Judge Delivers Wrist Slap to Bloomberg's Graffiti Ban
As much as New York Mayor Bloomberg wished to sweep Marc Ecko's graffiti party under the rug, a colorful judge, yesterday, armed with the full weight of the first amendment and a wrist-slapping attitude toward the cities efforts to ban the event, Judge Jed S. Rakoff ruled in favor of Ecko and required the city to reinstate a permit Ecko had requested for a block party at which mock subway cars will be painted graffiti-style. The event was to promote an Atari video game which would make the event commercial, thus allowing the city greater control over the event but Ecko, Friday, said the game would not be featured at the event making the event fully covered by the First Amendment.

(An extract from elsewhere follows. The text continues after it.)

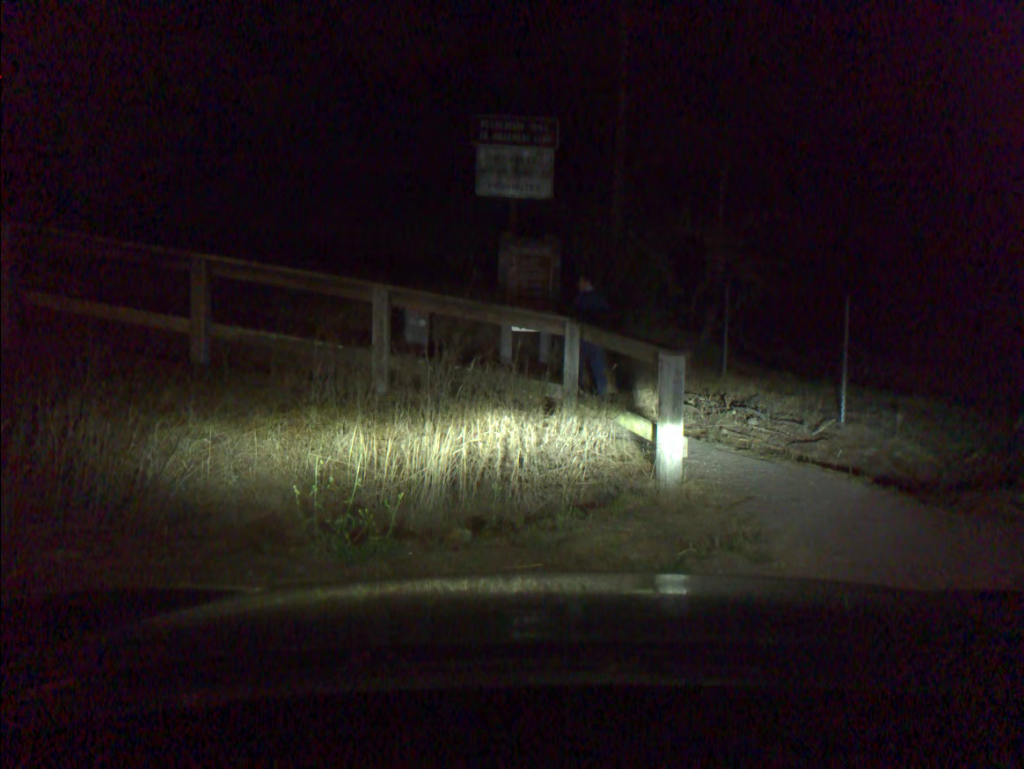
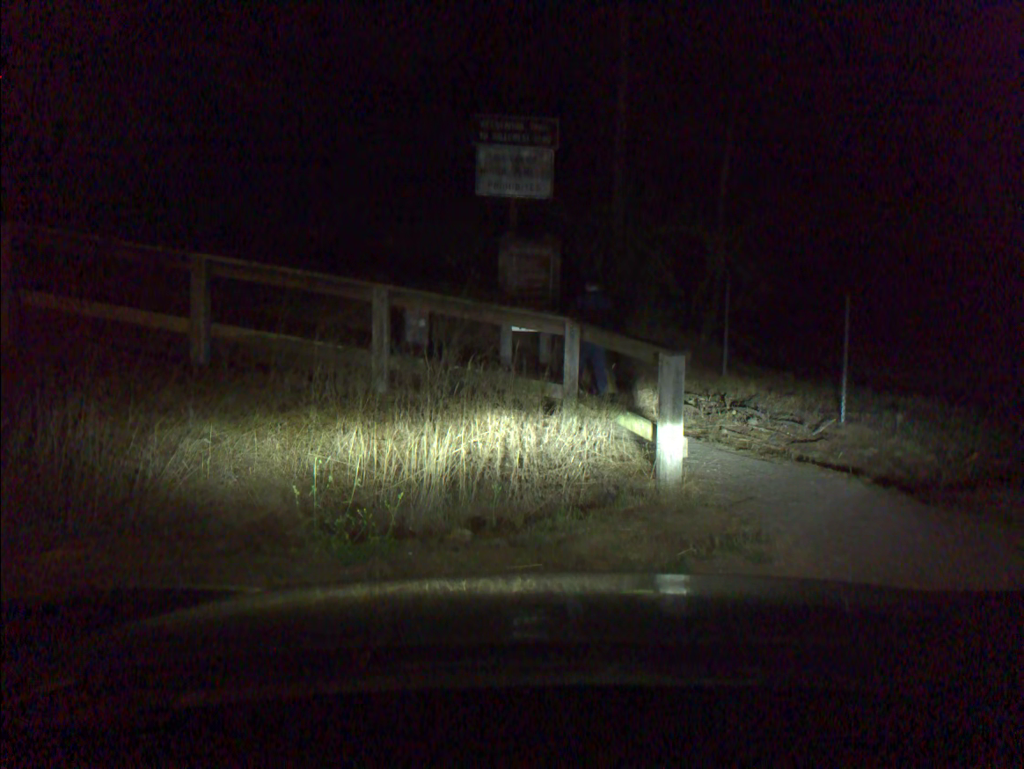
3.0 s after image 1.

Out legal linguist Bucky Turco sat in on the decision yesterday and tells us the judge "ridiculed the city and scolded them for first amendment violations and for acting outside of their provisional power and authority."

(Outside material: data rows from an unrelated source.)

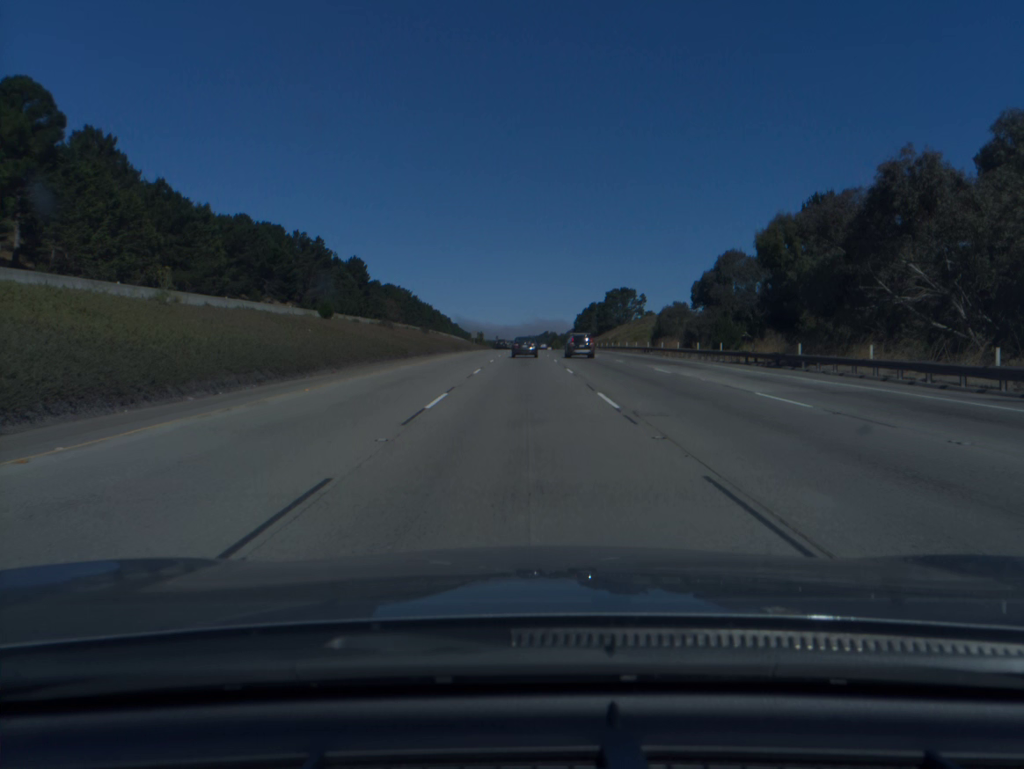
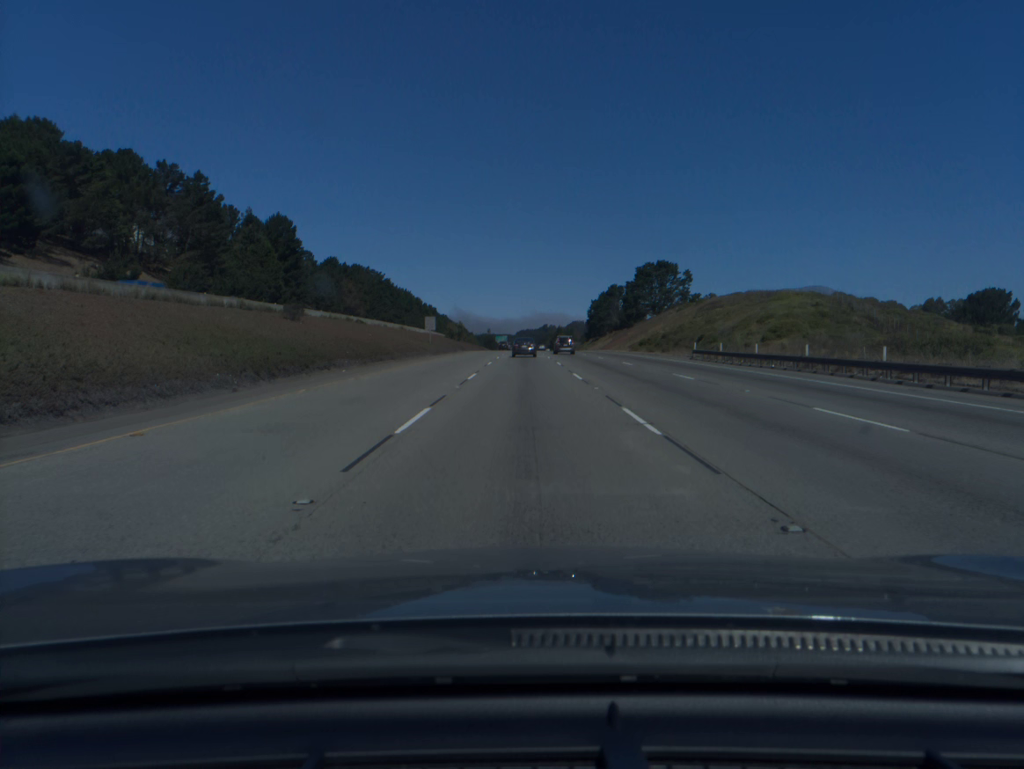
(+0.1, +76.8) m; 0°
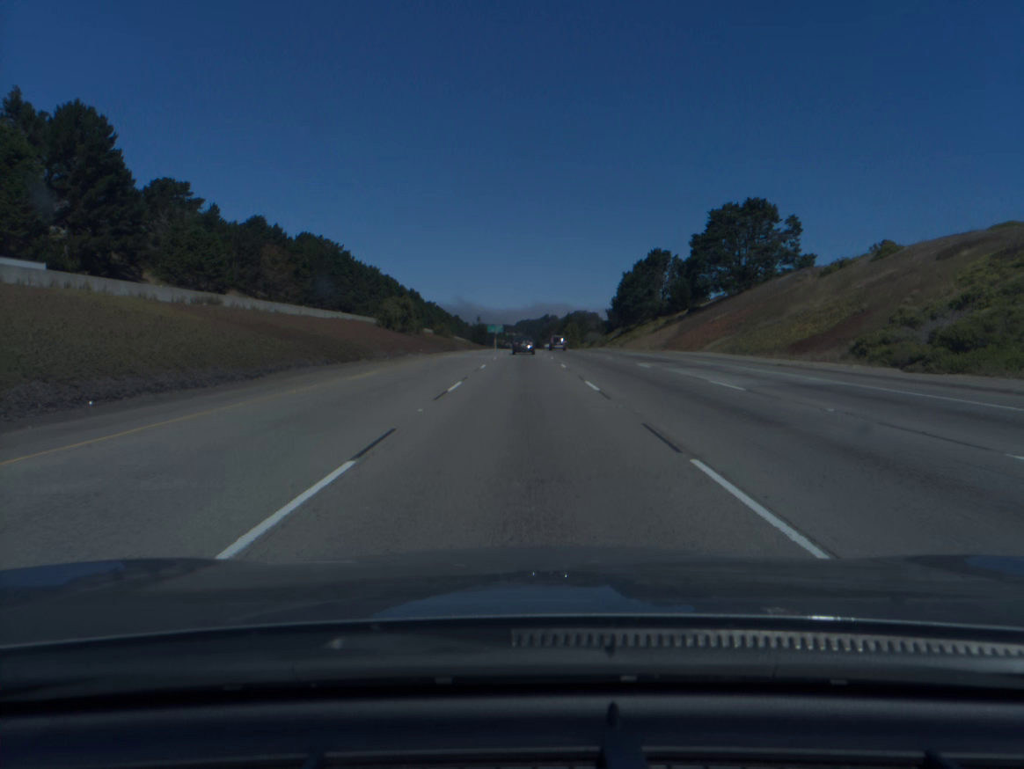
(0.0, +79.4) m; 0°
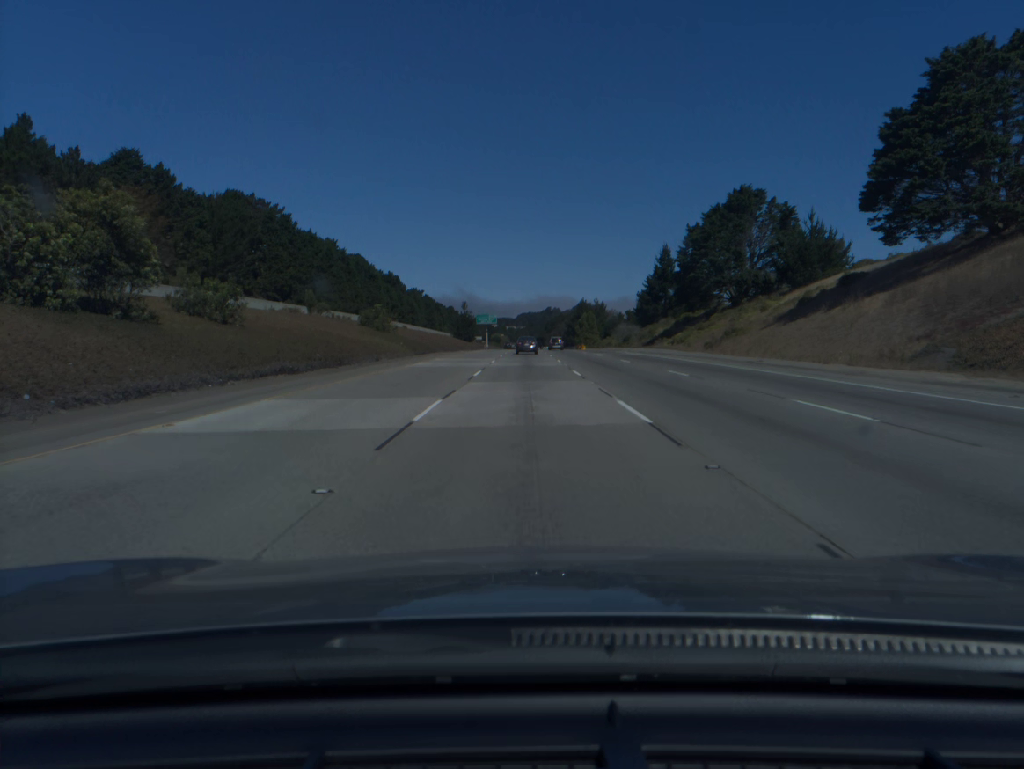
(0.0, +65.5) m; 0°
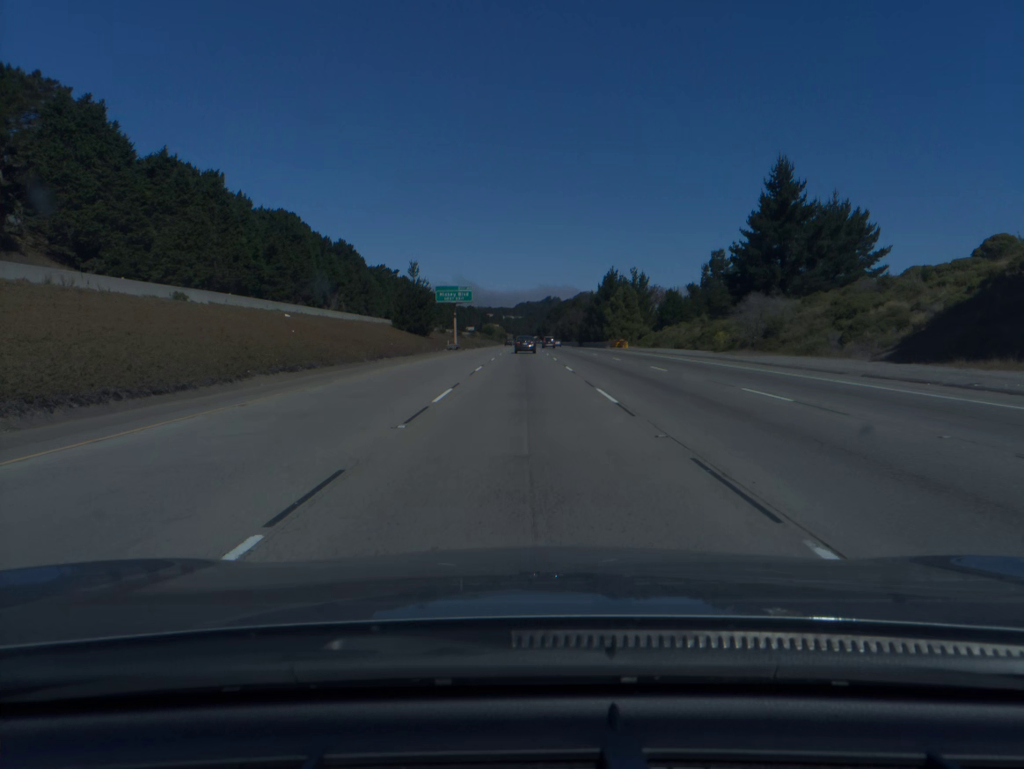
(0.0, +84.0) m; 0°
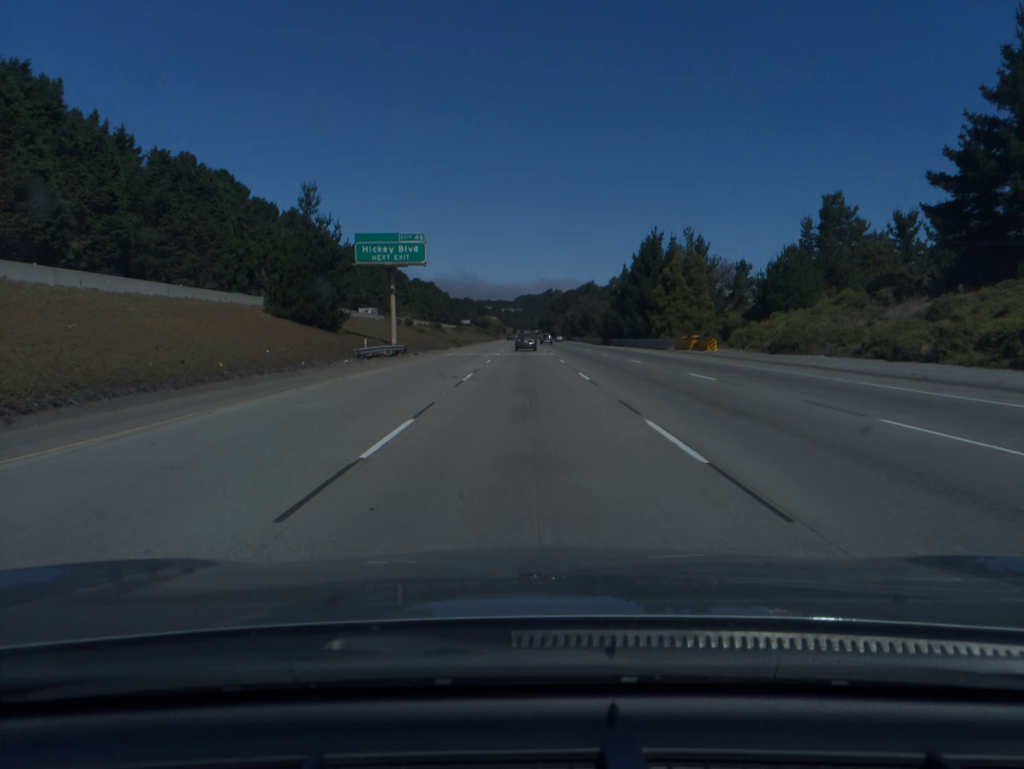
(-0.1, +51.2) m; 0°
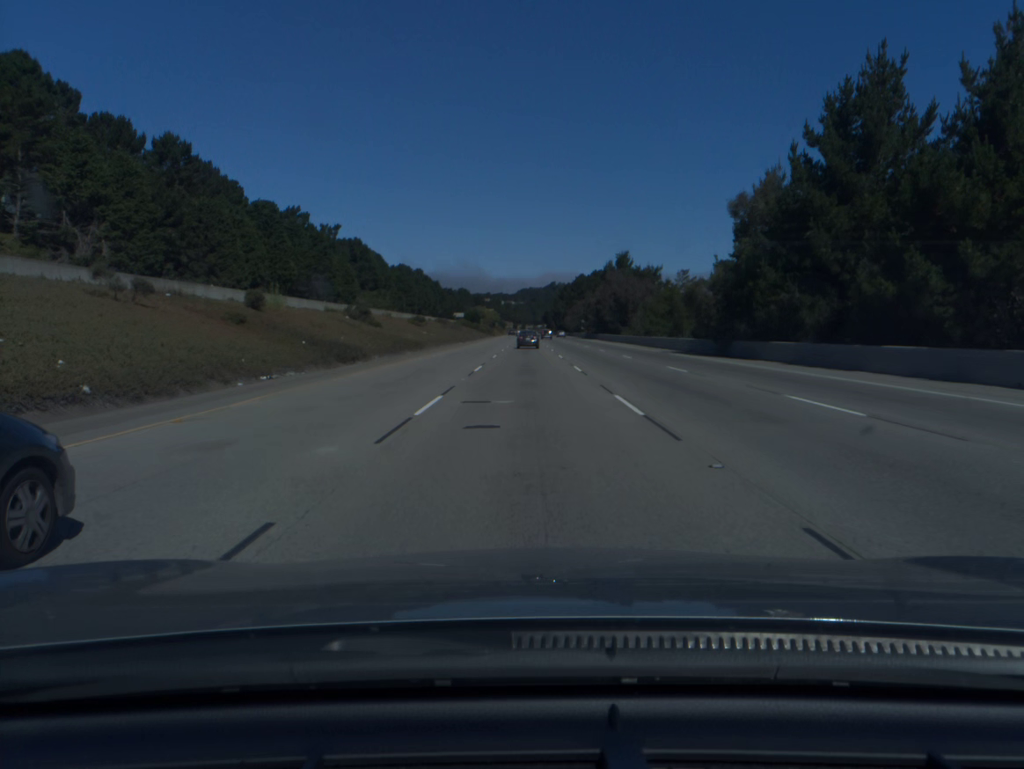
(0.0, +68.6) m; 0°

The judge, explaining his decision, wrote, in part, "So, the only real issue is whether the City can lawfully proscribe an otherwise-approved public art exhibition on its streets because that exhibition involves painting graffiti on mock subway cars. The City does not suggest, nor could it, that such painting is itself a crime, since the 'subway car' panels are plainly mock-ups. But it claims the right to censor this exercise of free speech expression because, in the words of the Mayor on his radio program last Friday, the exhibition is tantamount to 'encouraging vandalism.' By the same token, presumably, a street performance of Hamlet would be tantamount to encouraging revenge murder. Or, in a different vein, a street performance of 'rap' music might well include the singing of lyrics that could be viewed as encouraging sexual assault. As for a street performance of Oedipus Rex don't even think about it."